Nothing in the data should be left out or altered when it is retyped.

Top of Records for the exercise

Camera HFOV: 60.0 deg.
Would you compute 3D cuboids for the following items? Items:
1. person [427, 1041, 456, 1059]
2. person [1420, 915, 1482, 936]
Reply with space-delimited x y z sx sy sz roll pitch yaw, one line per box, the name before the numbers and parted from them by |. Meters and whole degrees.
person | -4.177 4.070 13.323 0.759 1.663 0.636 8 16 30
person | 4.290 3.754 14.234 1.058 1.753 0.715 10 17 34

Bottom of Records for the exercise

> _Answer_:
Camera HFOV: 60.0 deg.
Would you compute 3D cuboids for the following items? Items:
1. person [427, 1041, 456, 1059]
2. person [1420, 915, 1482, 936]
Reply with space-delimited x y z sx sy sz roll pitch yaw, one line per box, the name before the numbers and parted from them by |. Meters and whole degrees.
person | -4.177 4.070 13.323 0.759 1.663 0.636 8 16 30
person | 4.290 3.754 14.234 1.058 1.753 0.715 10 17 34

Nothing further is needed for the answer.